Let's start by talking about working with split green wood. When the wood has been split, as opposed to sawn, the fibers will run roughly parallel to the outer surfaces of the piece. Shaving the wood can be viewed as almost a peeling process. Think of a banana. When we peel a banana, we are exploiting a weak bond between the skin and the fruit. With green wood, it is very similar. A drawknife will slide inbetween the fibers and prefer to follow along them because it is more difficult to cut across them. This "peeling" leaves a clean surface that is perfectly parallel to the fibers. An interesting difference between a sawn piece and a piece shaved to follow the fibers is that the only exposure of end grain of a shaved piece is at the ends. Any time that you cut across a fiber, be it in the middle of a board or in a carving, you are exposing endgrain. This means that in sawn or carved pieces there will be endgrain exposed all along the piece. The weakness between layers becomes exposed in this "all over" endgrain and the wood can break below the surface as a result. It is this subsurface damage that is often the first clue that we are going about cutting incorrectly. Luckily, preventing the weak bond between the fibers from breaking is as simple as offering them proper support. I'll go further into that soon.

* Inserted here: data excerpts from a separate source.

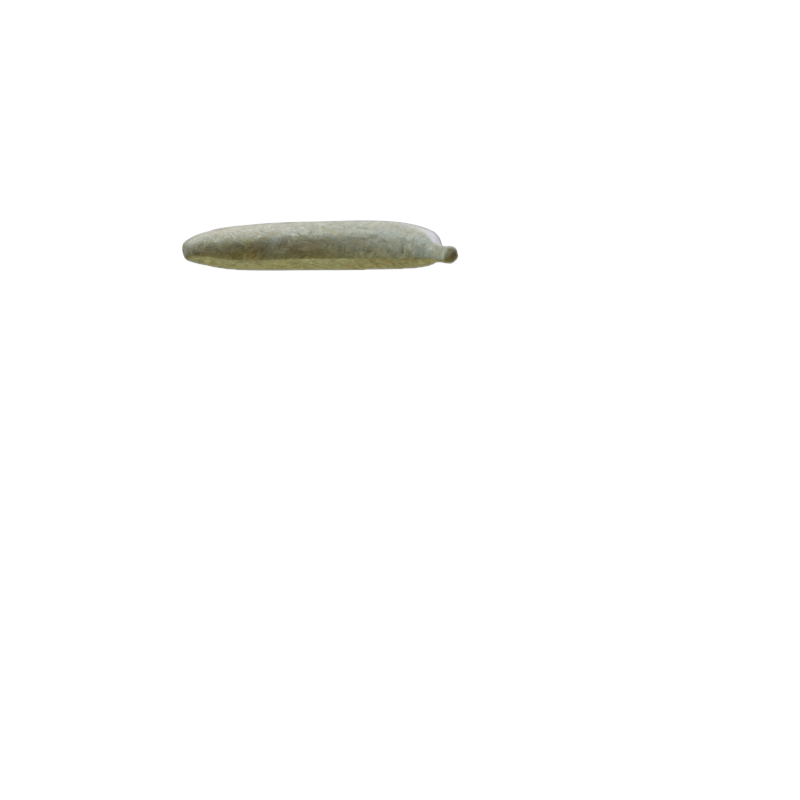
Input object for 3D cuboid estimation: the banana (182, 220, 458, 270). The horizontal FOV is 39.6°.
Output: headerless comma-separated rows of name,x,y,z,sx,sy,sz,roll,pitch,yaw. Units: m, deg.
banana,-0.056,-0.114,0.808,0.200,0.037,0.068,0,0,10
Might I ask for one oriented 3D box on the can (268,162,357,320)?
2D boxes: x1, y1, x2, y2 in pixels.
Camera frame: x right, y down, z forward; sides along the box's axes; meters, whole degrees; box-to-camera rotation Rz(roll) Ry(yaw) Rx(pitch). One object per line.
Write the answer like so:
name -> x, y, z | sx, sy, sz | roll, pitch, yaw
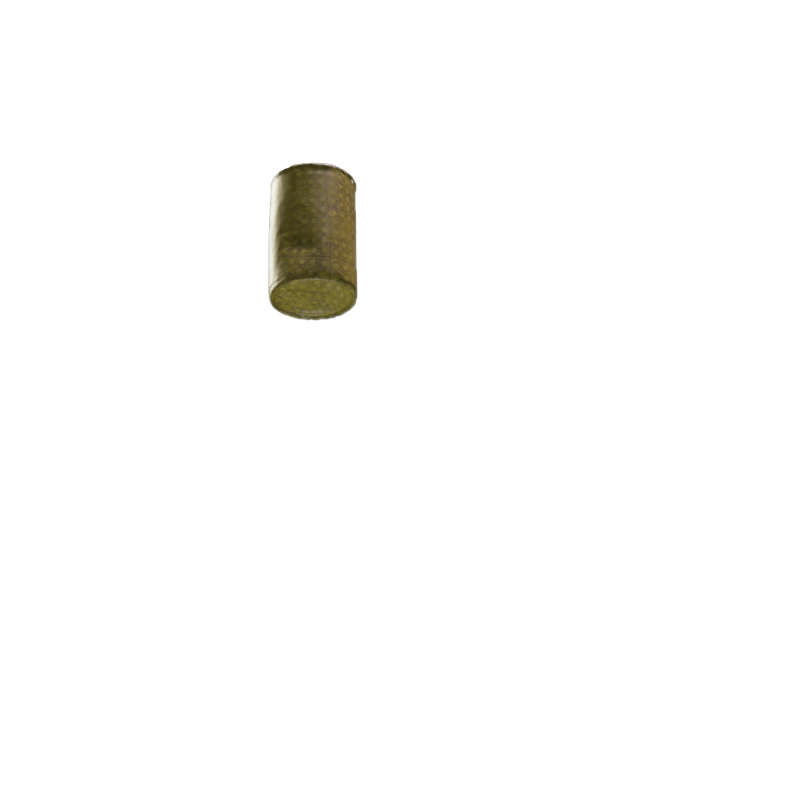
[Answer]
can -> -0.066, -0.121, 0.846 | 0.068, 0.109, 0.064 | 0, -28, -2

Here is an experiment that may help clarify what I have covered here. Take a piece of sawn stock, perhaps a piece of 1X pine from the hardware store. Put it on edge in the shavehorse or vise so that you can shave the 3/4" dimension. Take a sharp drawknife (you have plenty of them right?!) and run it down the surface. Now the simple adage of "go the other way" if you get tear out, doesn't apply to the experiment. Go the wrong way. It will split and tear out etc...that is alright. Keep trying to get under the tear outs and soon the drawknife will find the fiber line. Most likely, it will not be parallel to the original sawn edge. As soon as the wood shaves smoothly, stop. Any further and you are likely to start cutting across the fibers in the opposite direction. It is vital to start seeing any board as a bundle of fibers. Once you can see the fibers and the way that they run in the board, you can learn to work with them, and that is when things start getting fun.
In the photo below, you can see that the shaving is very crude and fractured from the heavy splitting action of cutting the "wrong" way. But take note of the clean surface that it has left behind running parallel to the fibers.